La livre turque, à l'agonie depuis plusieurs jours, enregistrait vendredi une chute abyssale de sa valeur accélérée par l'annonce américaine d'une forte augmentation des taxes à l'importation sur l'acier et l'aluminium turcs qui s'élèveront désormais respectivement à 50 % et 20 %.

La Turquie est en effet embourbée dans une grave crise diplomatique avec les États-Unis, au sujet d'Andrew Brunson, un pasteur américain accusé par les autorités turques de terrorisme et d'espionnage, détenu par Ankara. Elle s'échangeait à 10H30 GMT à environ 6,1 pour un billet vert, enregistrant une baisse de près de 10 % sur la journée.
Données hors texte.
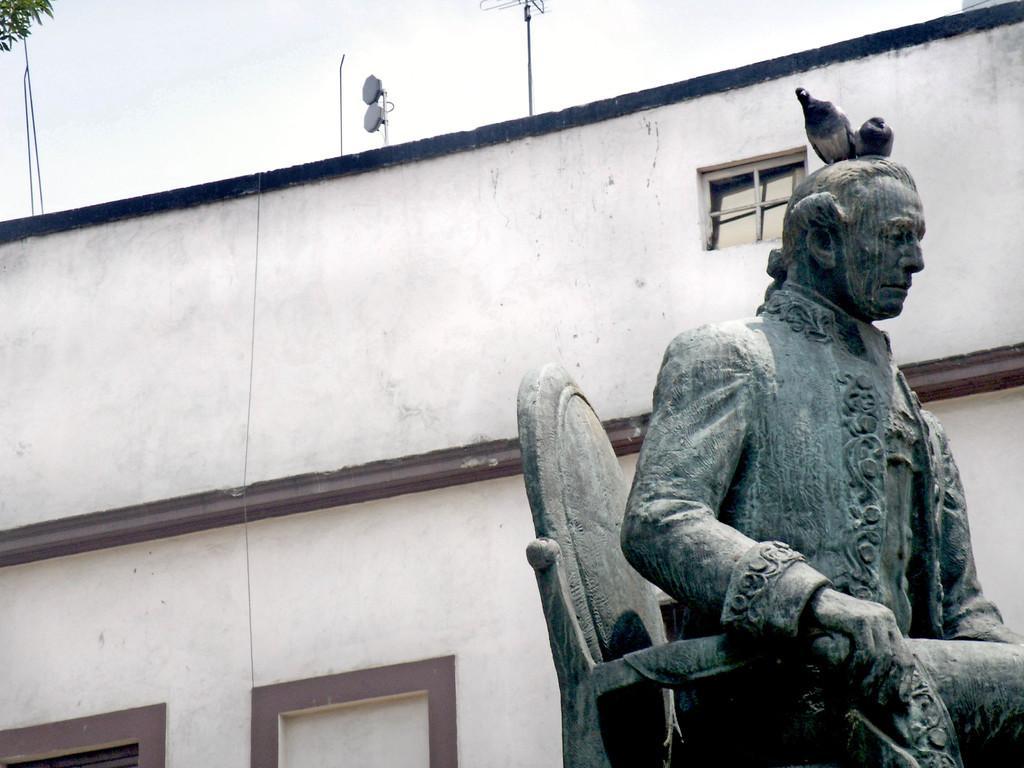In one or two sentences, can you explain what this image depicts? In this image, I can see two birds on the statue of a person. In the background, there is a building with the windows and the sky. At the top left corner of the image, there are leaves.

Touchée de plein fouet par cette crise diplomatique et par les inquiétudes face à d'éventuelles répercussions sur des banques européennes, la livre turque a chuté vendredi à un plus bas historique.
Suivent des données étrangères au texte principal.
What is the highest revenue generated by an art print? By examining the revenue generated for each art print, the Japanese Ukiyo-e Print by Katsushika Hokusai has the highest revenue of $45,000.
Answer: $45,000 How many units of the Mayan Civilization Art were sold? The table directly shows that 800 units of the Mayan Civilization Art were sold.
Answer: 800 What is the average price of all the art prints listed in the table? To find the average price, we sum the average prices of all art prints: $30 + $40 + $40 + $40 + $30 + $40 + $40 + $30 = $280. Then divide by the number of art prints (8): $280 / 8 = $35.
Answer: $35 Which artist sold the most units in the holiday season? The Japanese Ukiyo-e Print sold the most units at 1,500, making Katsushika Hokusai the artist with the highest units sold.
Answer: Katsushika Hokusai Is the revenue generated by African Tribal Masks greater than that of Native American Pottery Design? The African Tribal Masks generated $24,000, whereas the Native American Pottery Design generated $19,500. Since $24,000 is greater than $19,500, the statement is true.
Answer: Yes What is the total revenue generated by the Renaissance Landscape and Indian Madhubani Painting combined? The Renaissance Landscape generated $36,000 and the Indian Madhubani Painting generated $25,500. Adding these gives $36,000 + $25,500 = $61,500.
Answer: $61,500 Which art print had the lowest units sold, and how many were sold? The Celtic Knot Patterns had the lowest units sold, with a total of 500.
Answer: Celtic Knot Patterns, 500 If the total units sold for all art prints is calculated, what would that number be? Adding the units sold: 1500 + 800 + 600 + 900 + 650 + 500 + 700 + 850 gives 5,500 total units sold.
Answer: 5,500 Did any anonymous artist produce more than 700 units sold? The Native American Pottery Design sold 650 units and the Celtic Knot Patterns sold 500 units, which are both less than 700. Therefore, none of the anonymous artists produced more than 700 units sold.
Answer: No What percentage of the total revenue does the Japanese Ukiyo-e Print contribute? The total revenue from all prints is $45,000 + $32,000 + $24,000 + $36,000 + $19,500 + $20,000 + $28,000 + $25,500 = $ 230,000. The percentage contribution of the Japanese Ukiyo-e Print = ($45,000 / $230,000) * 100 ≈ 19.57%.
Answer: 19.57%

L'économie turque était déjà fortement fragilisée.

La bérézina de la livre turque a eu un impact au-delà des frontières et fait chuter les titres de plusieurs banques européennes et conduit Wall Street à ouvrir en baisse, illustrant la crainte d'une contagion à l'économie mondiale.

Comme un symbole, la présidence turque a annoncé peu après l'annonce de Donald Trump que M. Erdogan avait eu un entretien téléphonique avec son homologue russe Vladimir Poutine, ajoutant que les deux dirigeants avaient notamment parlé Syrie et échanges commerciaux.

La chute du livre turque a bien pesé sur le secteur bancaire.

Face à cette situation, le président turc a pointé vendredi un doigt accusateur en direction d'un mystérieux "lobby des taux d'intérêt" dont il n'a pas défini les contours. ", avait-il lancé dans un précédent discours, dans la nuit de jeudi à vendredi, des déclarations qui ont renforcé l'inquiétude des marchés".

La chute de la livre survient à quelques heures d'un discours attendu du ministre des Finances Berat Albayrak, également gendre du président Recep Tayyip Erdogan, qui doit présenter le "nouveau modèle économique du pays".

Les marchés s'inquiètent des orientations de la politique économique de M. Erdogan, la banque centrale turque rechignant à relever ses taux pour soutenir la livre et réguler une inflation qui a pourtant atteint près de 16% en juillet en rythme annuel.

Depuis sa nomination à ce poste après la réélection de M. Erdogan en juin, M. Albayrak s'est efforcé sans succès d'apaiser les marchés qui voient d'un mauvais oeil la mainmise croissante sur les affaires économiques du président.

Or de nombreux économistes appellent de leurs voeux une hausse des taux d'intérêt de la banque centrale afin d'enrayer l'inflation, un levier traditionnellement utilisé dans le monde pour maîtriser la hausse des prix et soutenir la monnaie nationale.

L'agonie de la livre turque cette semaine n'a quasiment pas été évoquée par les principales chaînes de télévision et les journaux à grand tirage, pour la plupart contrôlés par le pouvoir.